▶ [Task brief] Going through the entries below, copy out each line that contains "none".

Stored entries
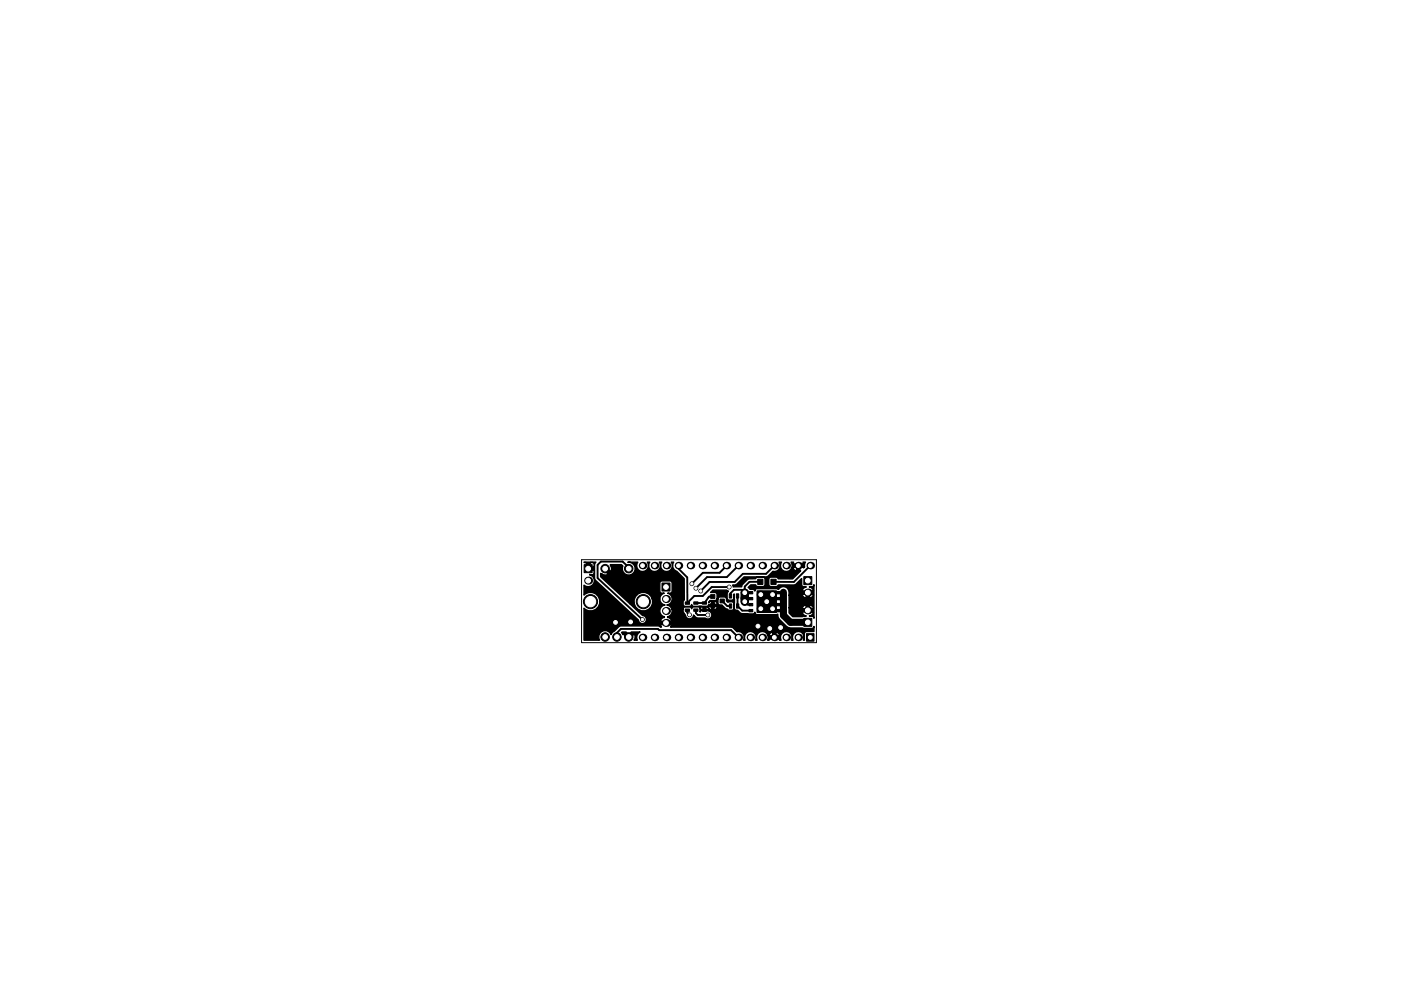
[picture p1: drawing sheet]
<svg xmlns="http://www.w3.org/2000/svg" width="297mm" height="210mm" viewBox="0 0 297 210" stroke-linecap="round" stroke-linejoin="round" font-family="sans-serif">
<path d="M123.3 118.7h49.8v17.6h-49.8z" fill="none" stroke="#000" stroke-width=".21"/>
<g fill="#000" stroke="#000" stroke-width=".21">
<path d="M123.8 119.8h1.7v1.7h-1.7zM140.3 123.7h1.8v1.7h-1.8zM145.3 127.7h.9v.5h-.9zM145.3 129.2h.9v.5h-.9zM147.1 129.2h.9v.5h-.9zM147.1 127.7h.9v.5h-.9zM148.9 127.7h.9v.5h-.9zM148.9 129.2h.9v.5h-.9zM150.7 126.2h.9v.8h-.9zM150.7 128.1h.9v.8h-.9zM152.7 127.1h.9v.8h-.9zM154.6 126h.5v.9h-.5z"/>
<path d="M154.6 128.1h.5v.9h-.5zM156.1 126h.5v.9h-.5zM156.1 128.1h.5v.9h-.5zM158.8 125.5h.8v.5h-.8zM158.8 126.8h.8v.5h-.8zM158.8 128h.8v.5h-.8zM158.8 129.3h.8v.5h-.8zM160.5 125.3h4.1v4.6h-4.1zM160.6 122.9h1.1v1.1h-1.1zM163.5 122.9h1.1v1.1h-1.1zM164.6 129.3h.8v.5h-.8zM164.6 128h.8v.5h-.8z"/>
<path d="M164.6 126.8h.8v.5h-.8zM164.6 125.5h.8v.5h-.8zM170.4 122.3h1.7v1.7h-1.7zM170.4 131.2h1.7v1.7h-1.7zM171 134.4h1.6v1.6h-1.6z"/>
<circle cx="125.2" cy="127.6" r="1.5"/>
<circle cx="128.3" cy="120.6" r=".9"/>
<circle cx="128.3" cy="135.1" r=".9"/>
<circle cx="130.5" cy="132" r=".75"/>
<circle cx="130.8" cy="135.1" r=".9"/>
<circle cx="133.3" cy="120.6" r=".9"/>
<circle cx="133.3" cy="135.1" r=".9"/>
<circle cx="133.7" cy="131.9" r=".75"/>
<circle cx="136.2" cy="131.4" r=".4"/>
<circle cx="136.4" cy="127.6" r="1.5"/>
<circle cx="146.2" cy="130.4" r=".4"/>
<circle cx="146.7" cy="123.8" r=".4"/>
<circle cx="147.5" cy="124.8" r=".4"/>
<circle cx="148.6" cy="125.4" r=".4"/>
<circle cx="150.1" cy="130.5" r=".4"/>
<circle cx="154.6" cy="124.5" r=".4"/>
<circle cx="157.9" cy="125.7" r=".75"/>
<circle cx="157.9" cy="127.6" r=".75"/>
<circle cx="160.7" cy="132.8" r=".75"/>
<circle cx="161.3" cy="126.1" r=".75"/>
<circle cx="161.3" cy="129.1" r=".75"/>
<circle cx="162.6" cy="127.6" r=".75"/>
<circle cx="163.2" cy="133.3" r=".75"/>
<circle cx="163.8" cy="126.1" r=".75"/>
<circle cx="163.8" cy="129.1" r=".75"/>
<circle cx="165.5" cy="133.1" r=".75"/>
</g>
<g fill="#000">
<circle cx="136.2" cy="120" r=".8"/>
<circle cx="138.8" cy="120" r=".8"/>
<circle cx="141.3" cy="120" r=".8"/>
<circle cx="143.9" cy="120" r=".8"/>
<circle cx="146.4" cy="120" r=".8"/>
<circle cx="148.9" cy="120" r=".8"/>
<circle cx="151.5" cy="120" r=".8"/>
<circle cx="154" cy="120" r=".8"/>
<circle cx="156.6" cy="120" r=".8"/>
<circle cx="159.1" cy="120" r=".8"/>
<circle cx="161.6" cy="120" r=".8"/>
<circle cx="164.2" cy="120" r=".8"/>
<circle cx="166.7" cy="120" r=".8"/>
<circle cx="169.3" cy="120" r=".8"/>
<circle cx="171.8" cy="120" r=".8"/>
<circle cx="124.7" cy="123.2" r=".85"/>
<circle cx="136.2" cy="135.2" r=".8"/>
<circle cx="138.8" cy="135.2" r=".8"/>
<circle cx="141.2" cy="129.6" r=".85"/>
<circle cx="141.2" cy="132.2" r=".85"/>
<circle cx="141.2" cy="127.1" r=".85"/>
<circle cx="141.3" cy="135.2" r=".8"/>
<circle cx="143.9" cy="135.2" r=".8"/>
<circle cx="146.4" cy="135.2" r=".8"/>
<circle cx="148.9" cy="135.2" r=".8"/>
<circle cx="151.5" cy="135.2" r=".8"/>
<circle cx="154" cy="135.2" r=".8"/>
<circle cx="156.6" cy="135.2" r=".8"/>
<circle cx="159.1" cy="135.2" r=".8"/>
<circle cx="161.6" cy="135.2" r=".8"/>
<circle cx="164.2" cy="135.2" r=".8"/>
<circle cx="166.7" cy="135.2" r=".8"/>
<circle cx="169.3" cy="135.2" r=".8"/>
<circle cx="171.3" cy="125.7" r=".85"/>
<circle cx="171.3" cy="129.5" r=".85"/>
</g>
<g fill="none" stroke="#000" stroke-width=".4">
<path d="M143.9 120v.6l1.8 1.9v5.5l1.5-1.6h1.8l1.9-1.9h3.7M154 120l-1.4 1.5h-3.6l-2.3 2.3M156.6 120l-2.5 2.4h-4.2l-2.3 2.4M164.2 120l-1.8 1.7h-4.9l-1.7 1.8h-5.4l-1.8 1.9M171.8 120l-3.5 3.5-4.3-.1M130.8 135.1v-.8l.8-.9h7.9l.3 .3h15.2l1.6 1.5M133.2 120.6h.1v-.3l-1.3-1.2h-4.6l-.7 .7v2.8l9.5 8.8M133.7 131.9l-3.2 .1M145.7 129.5v.5l.5 .4M147.6 129.5l-.1 .6 .4 .4h2.2M147.6 127.9h-.1M151.1 126.6h-.7l-1 1.3h-1.8"/>
<path d="M153.1 127.5l1.1 1.1h.7M156.4 126.4v2.2l1 1h1.8M157.9 125.7l-.6-.6h-1.7l-.7 .8v.5M157.9 127.6l.6 .7h.7M157.9 126.9h.5M157.9 125.7h1.3M157.9 125.7h.1M158 126.9l1.2 .1M161.2 123.4h-2.3l-1 1v1.3M161.2 123.4h.1M161.3 129.1l1.3-1.2 1.2 1.2M161.3 126.1l1.3 1.3"/>
<path d="M163.2 128.3h1.8M163.2 127h1.8M163.2 133.3l1 1v.9M163.8 126.1l-1.2 1.4M165 125.7h-.5l-1.9 1.9 1.9 2h1.6M165.5 133.1l-1.3 1.4"/>
</g>
<path d="M157.9 125.7v1.9" fill="none" stroke="#000" stroke-width="1.8"/>
<path d="M166.1 125.6v4.9l1.5 1.5h3.7" fill="none" stroke="#000" stroke-width="1.5"/>
<path d="M123.8 119.3h2.6l-.3 .5v2.9l.1 .4 9.1 8.5a.86 .86 0 0 0 1 .7 .86 .86 0 0 0 .8-.9 .86 .86 0 0 0-.9-.8l-2.7-2.6h.9a1.97 1.97 0 0 0 2.5 1.6 1.97 1.97 0 0 0 1.4-2.5h1.6l.4 .9 .7 .4h-.3a1.28 1.28 0 0 0-.8 1.3 1.28 1.28 0 0 0 1 1.2v.1h-.2l-.5 .3-.2 .3 .1 .2h2.2l.1-.2-.2-.3-.5-.3h-.2v-.1l.2-.1a1.28 1.28 0 0 0 .7-1.6h2.4l.1 .7 .4 .5a.9 .9 0 0 0 .8 .9 .9 .9 0 0 0 .9-.8l.7 .6h1.8a.88 .88 0 0 0 1.4-.3 .88 .88 0 0 0-.8-1.2h-.5v.1l-1-.1-.2 .2v-.7l.2 .2h.5v-.4h.5v.4h.5l.2-.2-.3-.3h.2l.2 .4 .4 .1 .1-.6h.4v.5l.4 .1 .3-.2v-.3l-.1-.1h-1.6l-.7 .2-.8-.2-.4 .4-.2-.3-1.1-.1-.3 .2-.2 .3-.2-.4-1.1-.1-.3 .2-.2 .3h-2.4a1.2 1.2 0 0 0-1-.8 1.27 1.27 0 0 0 1.1-1.2 1.27 1.27 0 0 0-.9-1.3l.6-.1 .3-.2v-2.1l-.4-.3-1.9 .1-.3 .4v1.9l.3 .2 .6 .1-.5 .3-.4 .9h-1.6a1.97 1.97 0 0 0-2.4-1.4 1.97 1.97 0 0 0-1.5 2.3h-.9l-6.1-5.6v-.8l.2 .3 .1-.1 .1 .1 .5 .1 .5-.1 .1-.1-1.1-1.1 .5-.6 1.1 1.2 .2-.2 .1-.5-.3-.8h2.3l.4 .3a1.38 1.38 0 0 0 1 1.9 1.38 1.38 0 0 0 1.6-1.4 1.38 1.38 0 0 0-1.6-1.3h2.1l-.1 .2a1.26 1.26 0 0 0 1.2 1.8 1.26 1.26 0 0 0 .9-2h.6l-.2 .2a1.26 1.26 0 0 0 1.3 1.8 1.26 1.26 0 0 0 .9-2h.5l-.1 .2a1.26 1.26 0 0 0 1.2 1.8 1.26 1.26 0 0 0 .9-2h.5l-.1 .2a1.25 1.25 0 0 0 .8 1.7l1.6 1.6v4.5l-.2 .2-.1 .7 .3 .4h1.3l.2-.4 .2 .3 .3 .2 2.7-.1 .3-.1 .2-.3 .6 .1v-.6h.4v.6h.6l.1-.3-.3-.4-.4 .1-.7-.1-.3 .2 .2-.4h1.1l.6-.3 .1 1.1 .8 .2 .6 .6 .8 .5h.8l.3-.5-.1-1.2-.4-.1-.8 .1-.3-.3-.1-.7-.3-.2-1.1 .1-.3 .4h-.2l-.1-1.3-1.2-.1 .5-.5h2.8l.4 .2-.2 .6v.9l.2 .4 1-.1 .3-1.2v3.2l.3 .3h.4l.7 .7 2.5 .1 .3-.2 .1-.2 .2 .4 .3 .1 4.4-.1 .1 .7a4.1 4.1 0 0 0 2.6 2.2l4.5 .1 .3-.1 .2-.3v1.1h-1.6l-.3 .1-.2 .3v1.4h-.2a1.26 1.26 0 0 0-1.1-1.8 1.26 1.26 0 0 0-1 1.8l-.3-.1a1.26 1.26 0 0 0-1.2-1.7 1.26 1.26 0 0 0-1.1 1.8h-.3v-.2h-2.2v.2h-.4l.2-.5-.1-.6h.2l.1 .2h.7v-.7h.7v.7h.8v-.2l-.6-.6h-1.1l-.6 .6h-.2a1.25 1.25 0 0 0-1.7-.6 1.25 1.25 0 0 0-.6 1.7l-.3-.1a1.26 1.26 0 0 0-1.1-1.7 1.26 1.26 0 0 0-1.1 1.8l-.3-.1a1.25 1.25 0 0 0-.2-1.3 1.25 1.25 0 0 0-1.2-.4l-.8-.8-.5-.2h-12.8l.1-.5h-2.2l.1 .5-.7-.2h-7.9l-.4 .2-1.7 1.6-.1-.2a1.37 1.37 0 0 0-1.8-.4 1.37 1.37 0 0 0-.5 1.8h-3.3v-6.8a1.97 1.97 0 0 0 2.8 0 1.97 1.97 0 0 0 0-2.7 1.97 1.97 0 0 0-2.8 0v-2.1l.4 .2a1.3 1.3 0 0 0 1.7-.8 1.3 1.3 0 0 0-.9-1.7l.1-.1 .7 .1 .2-.3v-.5l-1.7-.1 .1-1.5h.7v.8h.8v-.8l-.3-.2-1.2 .2zM155.3 124.1l.9-.2 1.6-1.5h4.6l.5-.2 1-1a1.24 1.24 0 0 0 1.3-.5 1.24 1.24 0 0 0 0-1.4h.5a1.25 1.25 0 0 0 .4 1.8 1.25 1.25 0 0 0 1.7-.6h.3l.6 .6h.2v-.8h-.7l-.1 .2h-.2a1.26 1.26 0 0 0-.2-1.2h.6l-.1 .3h2.1l-.1-.3h.6l-.3 .7 .1 .3-.2 .2-.1-.2h-.7v.8h.1l-1.6 1.7h-3.1l-.4-.4-1.3 .1-.3 .4v1.3l.5 .3h1.1l.4-.4h3.6l1.4-1.4v1.5l.2 .3h.7l-.6 .3-.2 .4v.2h2.3l.1-.2-.3-.4-.6-.3h.7l.3-.4v7.1l-.3-.4-.7-.1 .6-.3 .3-.4-.1-.2h-2.3v.2l.2 .4 .6 .3-.8 .1h-2l-.8-.7v-1.1h2.8v.1h.8v-.7h.7v.7h.8l.1-.1-.7-.7h-1.1l-.6 .7h-2.8v-2.7h2.8l.6 .6h.2v-.8h.7v.8h.2l.4-.3 .3-.3-.1-.2-5.1 .2a1.3 1.3 0 0 0-.4-1.6 1.3 1.3 0 0 0-1.6 .1l-.2 .2-.5-.1h-4.1l-.3 .1-.2 .4-.2-.3-.8-.1-.4-.4 .6-.5h1l.4 .4 1.5-.2 .1-.3v-1.1l-.1-.3-.4-.2h-1.1l-.4 .4-1.6 .1-1.2 1.1-.2 .5h-1.7zM131.8 134.2l.1-.1h.8l.6 .6 .6-.6h1.8a1.26 1.26 0 0 0-.6 1.7h-.6a.97 .97 0 0 0-.1-1.3l-1.1 1.2-1.1-1.2-.2 .1z" fill="#000" stroke="#000" stroke-width=".3"/>
<g fill="#fff" stroke="#fff" stroke-width=".21">
<circle cx="163.2" cy="133.3" r=".4"/>
<circle cx="160.7" cy="132.8" r=".4"/>
<circle cx="165.5" cy="133.1" r=".4"/>
<circle cx="130.5" cy="132" r=".4"/>
<circle cx="133.7" cy="131.9" r=".4"/>
<circle cx="157.9" cy="127.6" r=".4"/>
<circle cx="157.9" cy="125.7" r=".4"/>
<circle cx="154.6" cy="124.5" r=".25"/>
<circle cx="163.8" cy="129.1" r=".4"/>
<circle cx="161.3" cy="126.1" r=".4"/>
<circle cx="163.8" cy="126.1" r=".4"/>
<circle cx="161.3" cy="129.1" r=".4"/>
<circle cx="162.6" cy="127.6" r=".4"/>
<circle cx="146.7" cy="123.8" r=".25"/>
<circle cx="147.5" cy="124.8" r=".25"/>
<circle cx="150.1" cy="130.5" r=".25"/>
<circle cx="148.6" cy="125.4" r=".25"/>
<circle cx="146.2" cy="130.4" r=".25"/>
<circle cx="136.2" cy="131.4" r=".25"/>
<circle cx="128.3" cy="135.1" r=".5"/>
<circle cx="133.3" cy="135.1" r=".5"/>
<circle cx="130.8" cy="135.1" r=".5"/>
<circle cx="128.3" cy="120.6" r=".5"/>
<circle cx="133.3" cy="120.6" r=".5"/>
<circle cx="136.4" cy="127.6" r="1.1"/>
<circle cx="125.2" cy="127.6" r="1.1"/>
<circle cx="171.8" cy="135.2" r=".4"/>
<circle cx="138.8" cy="120" r=".4"/>
<circle cx="169.3" cy="135.2" r=".4"/>
<circle cx="141.3" cy="120" r=".4"/>
<circle cx="166.7" cy="135.2" r=".4"/>
<circle cx="143.9" cy="120" r=".4"/>
<circle cx="164.2" cy="135.2" r=".4"/>
<circle cx="146.4" cy="120" r=".4"/>
<circle cx="161.6" cy="135.2" r=".4"/>
<circle cx="148.9" cy="120" r=".4"/>
<circle cx="159.1" cy="135.2" r=".4"/>
<circle cx="151.5" cy="120" r=".4"/>
<circle cx="156.6" cy="135.2" r=".4"/>
<circle cx="154" cy="120" r=".4"/>
<circle cx="154" cy="135.2" r=".4"/>
<circle cx="156.6" cy="120" r=".4"/>
<circle cx="151.5" cy="135.2" r=".4"/>
<circle cx="159.1" cy="120" r=".4"/>
<circle cx="148.9" cy="135.2" r=".4"/>
<circle cx="161.6" cy="120" r=".4"/>
<circle cx="146.4" cy="135.2" r=".4"/>
<circle cx="164.2" cy="120" r=".4"/>
<circle cx="143.9" cy="135.2" r=".4"/>
<circle cx="166.7" cy="120" r=".4"/>
<circle cx="141.3" cy="135.2" r=".4"/>
<circle cx="169.3" cy="120" r=".4"/>
<circle cx="138.8" cy="135.2" r=".4"/>
<circle cx="171.8" cy="120" r=".4"/>
<circle cx="136.2" cy="135.2" r=".4"/>
<circle cx="136.2" cy="120" r=".4"/>
<circle cx="141.2" cy="124.5" r=".5"/>
<circle cx="141.2" cy="127.1" r=".5"/>
<circle cx="141.2" cy="129.6" r=".5"/>
<circle cx="141.2" cy="132.2" r=".5"/>
<circle cx="124.7" cy="120.6" r=".5"/>
<circle cx="124.7" cy="123.2" r=".5"/>
<circle cx="171.3" cy="123.2" r=".5"/>
<circle cx="171.3" cy="125.7" r=".5"/>
<circle cx="171.3" cy="132" r=".5"/>
<circle cx="171.3" cy="129.5" r=".5"/>
</g>
</svg>

▶ [Task answer]
<path d="M123.3 118.7h49.8v17.6h-49.8z" fill="none" stroke="#000" stroke-width=".21"/>
<g fill="none" stroke="#000" stroke-width=".4">
<path d="M157.9 125.7v1.9" fill="none" stroke="#000" stroke-width="1.8"/>
<path d="M166.1 125.6v4.9l1.5 1.5h3.7" fill="none" stroke="#000" stroke-width="1.5"/>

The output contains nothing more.